Given the number of people that are, right this second, looking at close-range satellite imagery on a GPS navigator, it is surprising that more firms have not noticed this possibility. You don't need the Atacama desert: there are an awful lot of flat roofs in America. And there is a larger principle here: to paraphrase Yoga Berra, you want to put the ads where they ain't. Mapping software is full of ads already, competing for the user's attention. But having a physical logo on the roof of a building, that's novel.
Ads and Rhythm
Advertising lives in time as well as space. Ads on television, radio, or streaming services follow a certain predictable rhythm, and many consumers use that rhythm to go get a soda, and skip the ad. The whole pattern of exciting content interrupted by “a brief message from our sponsors” trains consumers to dislike the ads, and treat them as a waste of their time. But we can turn that on its head.
Advertising in restrooms and over urinals takes advantage not so much of space, but time. The guys are standing their anyway, facing a wall. Reading about your product is not an interruption.

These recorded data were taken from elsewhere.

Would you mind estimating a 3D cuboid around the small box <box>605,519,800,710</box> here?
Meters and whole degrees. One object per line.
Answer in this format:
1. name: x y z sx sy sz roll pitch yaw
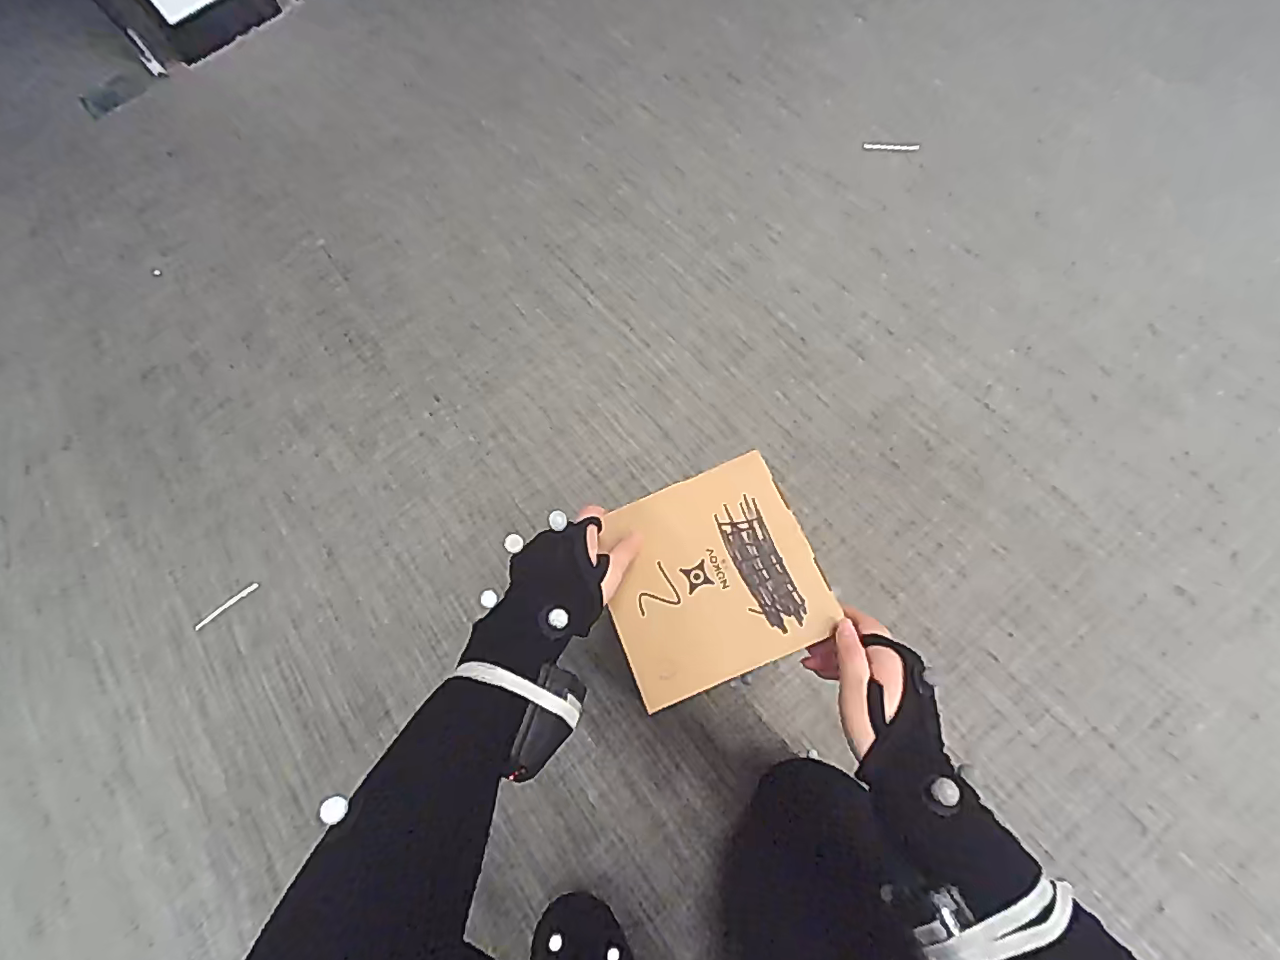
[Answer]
1. small box: 0.075 0.176 0.681 0.179 0.176 0.168 -23 67 -3

Much better to place ads in situations where people are excited, and where the down-time is built in. Digital scorer tables for school sporting events offer a wide range of advertising options. These fall into the rhythm of an event, since (unlike a television show) the game has natural breaks. So you have a crowd of people who are pumped up, aren't going to resent an “interruption”, and are watching your ad on the big screen.

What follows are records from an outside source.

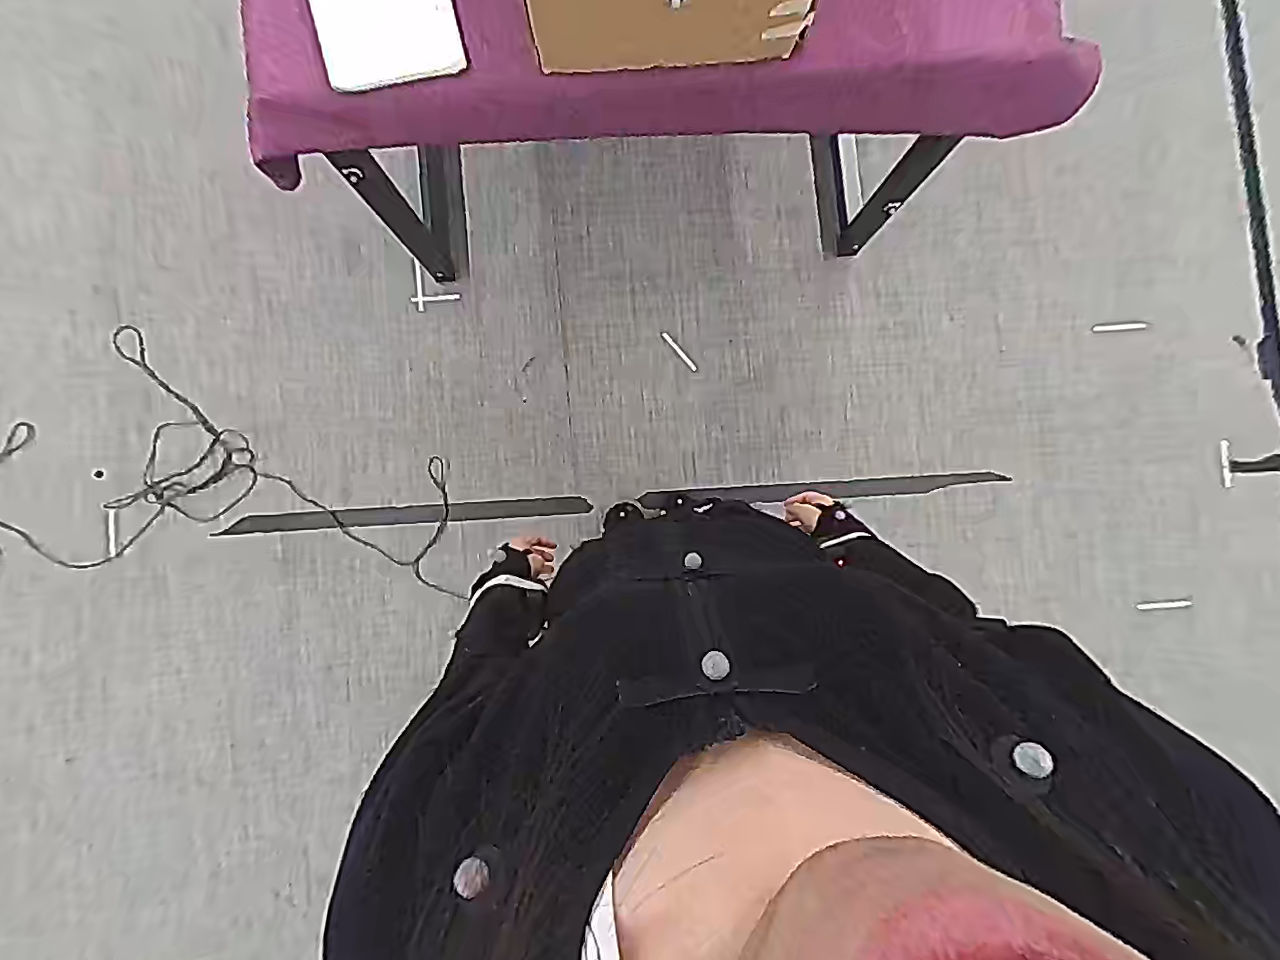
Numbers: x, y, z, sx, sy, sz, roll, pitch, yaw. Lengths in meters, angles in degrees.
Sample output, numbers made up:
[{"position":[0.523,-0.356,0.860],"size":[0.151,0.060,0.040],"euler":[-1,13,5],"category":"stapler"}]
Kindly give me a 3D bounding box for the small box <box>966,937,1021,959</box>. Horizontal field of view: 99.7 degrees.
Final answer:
[{"position":[0.865,1.226,1.247],"size":[0.179,0.176,0.168],"euler":[-41,90,0],"category":"small box"}]

Companies do not usually profit directly from aftermarkets, and some luxury brands have taken extraordinary steps to restrict discounted sales of their products. But from another point of view, aftermarkets can be a marketing gift that keeps on giving. For instance, Levi has recently added web-linked information to the care tags on some of its products, encouraging people to donate them to Goodwill (and helping them locate the nearest Goodwill). This is good for the environment, sure, but it also ensures that the Levi's brand remains well-represented in second-hand stores. In fact, shoppers looking for a vintage or retro fashion ensemble may find the second-hand store context to be a plus for the product.
But maybe you aren't marketing a pair of rugged denim jeans. No problem: T-shirts and sweat shirts are a high-volume second-hand-store commodity, and buyers expect them to carry advertising. Indeed, a large chunk of the inventory of a second-hand store may be made up of promotional shirts that were carefully distributed to participants at some event (people who were probably already aware of the product). Why not send them directly to Goodwill? That was the tactic used by Norwegian culture jammer Liam Nilsen, who describes building a personal brand in part by distributing brand-new T-shirts with his image to second-hand stores.
In a similar vein, Pizza Hut in Hong Kong launched a box that can be converted into a projector for your smartphone. This turns an eminently disposable piece of packaging into an ongoing curiosity and, incidentally, an ad for Pizza Hut.